*YOUR INSTRUCTIONS*. Please transcribe the data below in full, word for word, without the images.

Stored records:

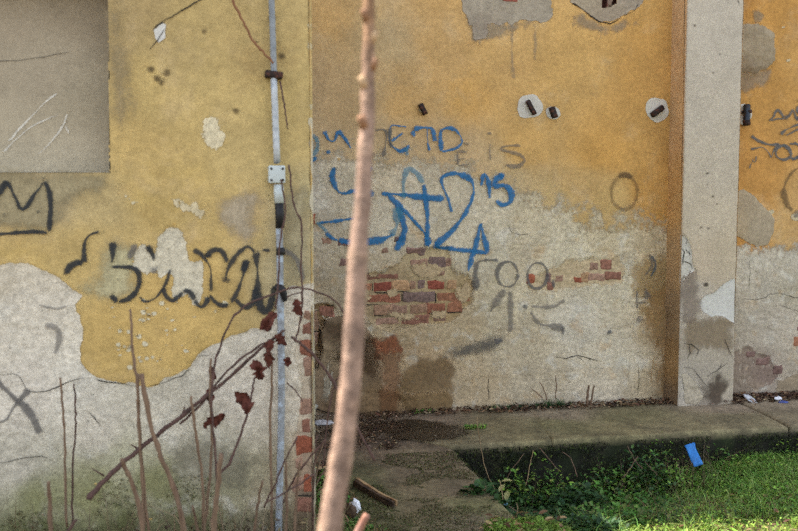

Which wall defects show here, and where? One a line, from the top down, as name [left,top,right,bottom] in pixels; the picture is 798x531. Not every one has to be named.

crack [150,0,200,49]
peeling [0,104,357,531]
leakage [362,338,379,374]
peeling [365,151,667,410]
spalling [679,234,695,282]
peeling [699,243,798,397]
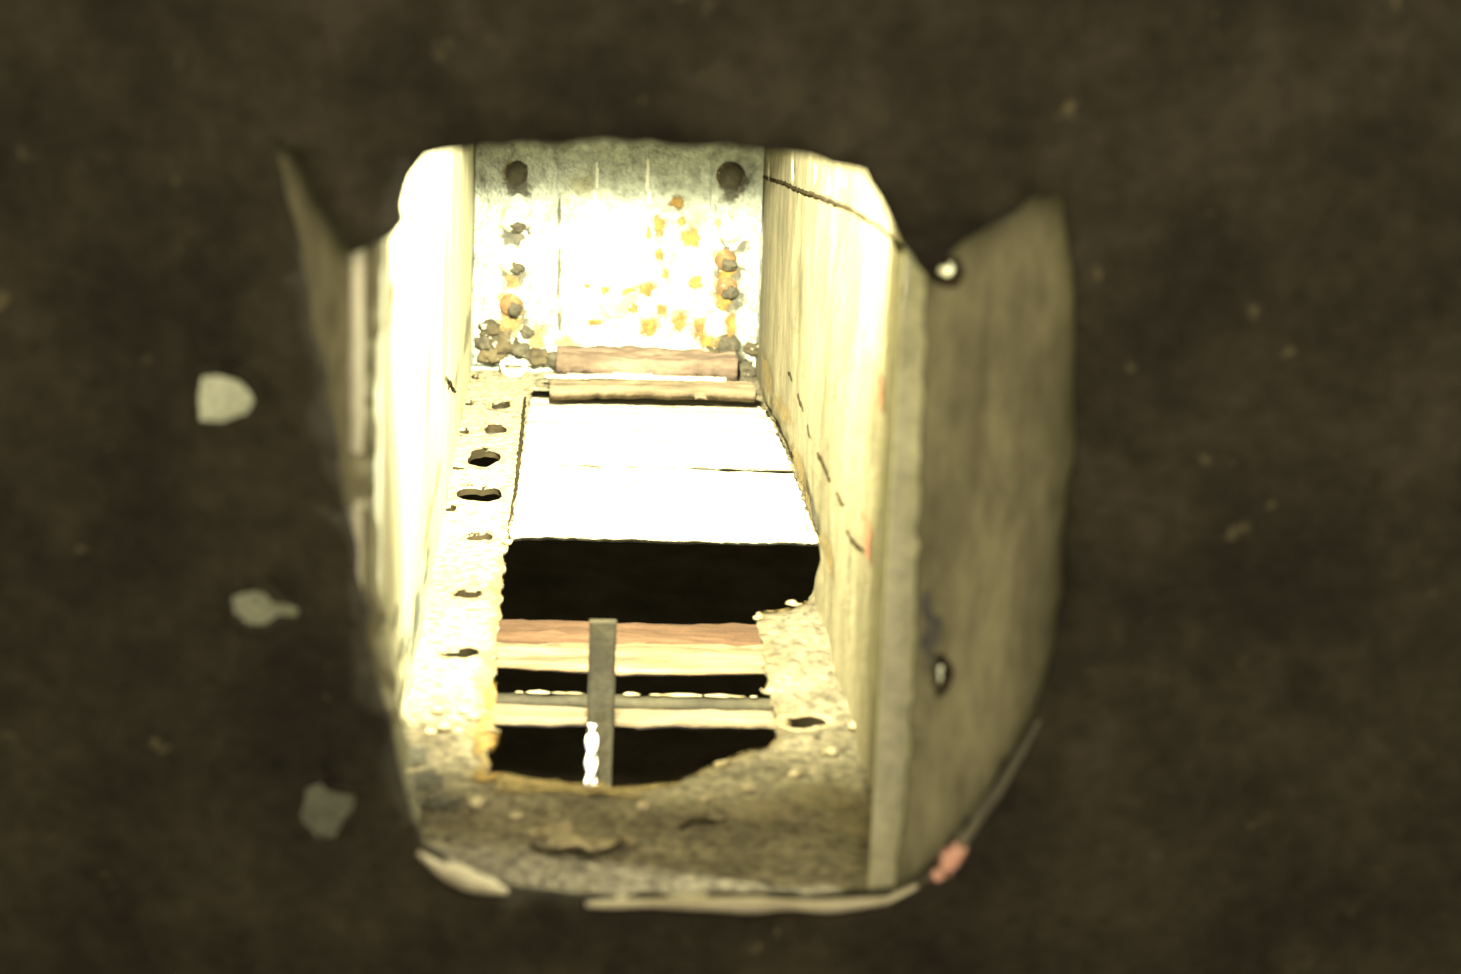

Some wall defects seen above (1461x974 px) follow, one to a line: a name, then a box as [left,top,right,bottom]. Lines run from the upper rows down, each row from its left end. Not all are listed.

corrosion [501,210,526,233]
corrosion [474,262,582,368]
corrosion [584,196,790,425]
corrosion [792,450,833,579]
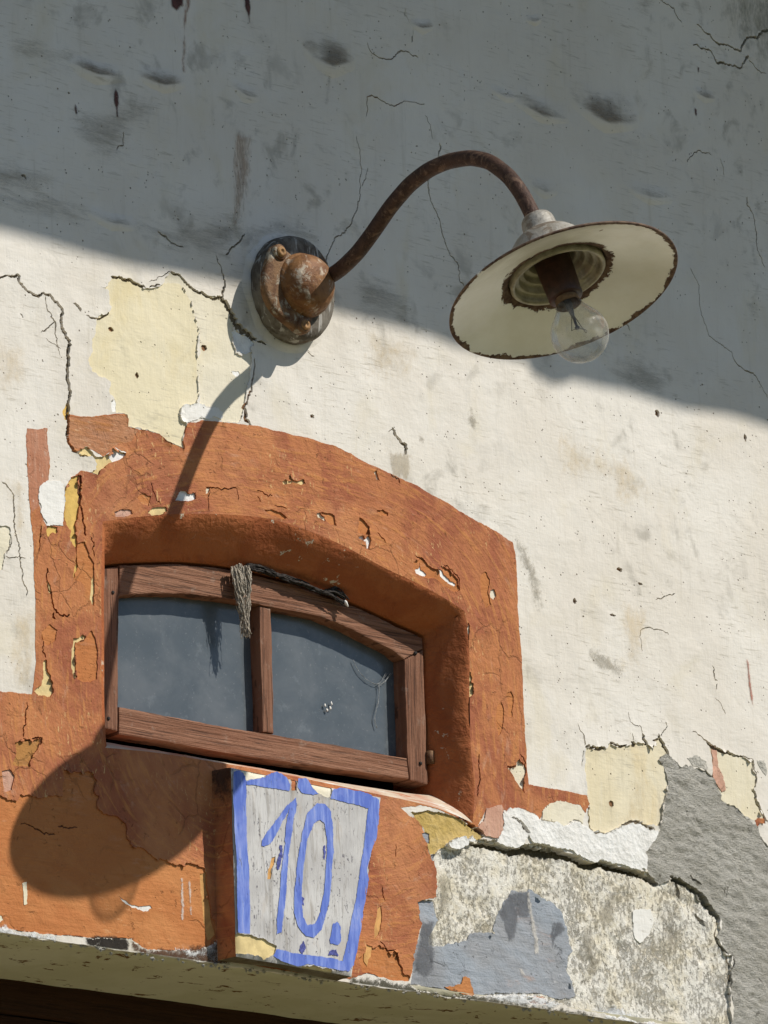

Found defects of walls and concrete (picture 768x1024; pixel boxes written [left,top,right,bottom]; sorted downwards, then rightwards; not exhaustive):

crack [693,29,768,69]
crack [111,272,266,345]
peeling [62,272,253,475]
peeling [26,428,94,605]
peeling [35,660,54,697]
peeling [71,631,97,682]
flaking render [359,738,731,1024]
crack [470,818,679,885]
crack [713,929,730,995]
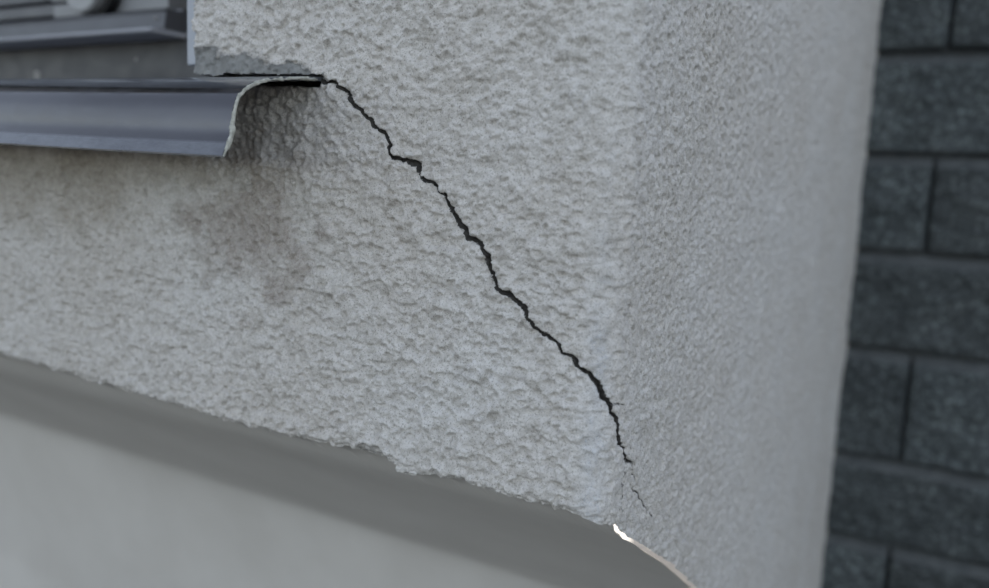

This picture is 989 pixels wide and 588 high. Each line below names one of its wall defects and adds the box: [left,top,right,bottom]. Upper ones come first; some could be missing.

crack [317,74,652,516]

*THE COMPLETED TASK*.
Which wall defects show here, and where? One a line, from the top down, as name [left,top,right,bottom] in pixels; the picture is 798x531. Not every one has to be named.

crack [150,0,200,49]
peeling [0,104,357,531]
leakage [362,338,379,374]
peeling [365,151,667,410]
spalling [679,234,695,282]
peeling [699,243,798,397]

Some wall defects seen above (1461x974 px) follow, one to a line: a name, then a box as [left,top,right,bottom]. Lines run from the upper rows down, each row from its left end. Not all are listed.

corrosion [501,210,526,233]
corrosion [474,262,582,368]
corrosion [584,196,790,425]
corrosion [792,450,833,579]

Found defects of walls and concrete (picture 768x1024; pixel boxes written [left,top,right,bottom]; sorted downwards, then rightwards; not exhaustive):

crack [693,29,768,69]
crack [111,272,266,345]
peeling [62,272,253,475]
peeling [26,428,94,605]
peeling [35,660,54,697]
peeling [71,631,97,682]
flaking render [359,738,731,1024]
crack [470,818,679,885]
crack [713,929,730,995]

This picture is 989 pixels wide and 588 high. Each line below names one of its wall defects and adds the box: [left,top,right,bottom]. Upper ones come first; some could be missing.

crack [317,74,652,516]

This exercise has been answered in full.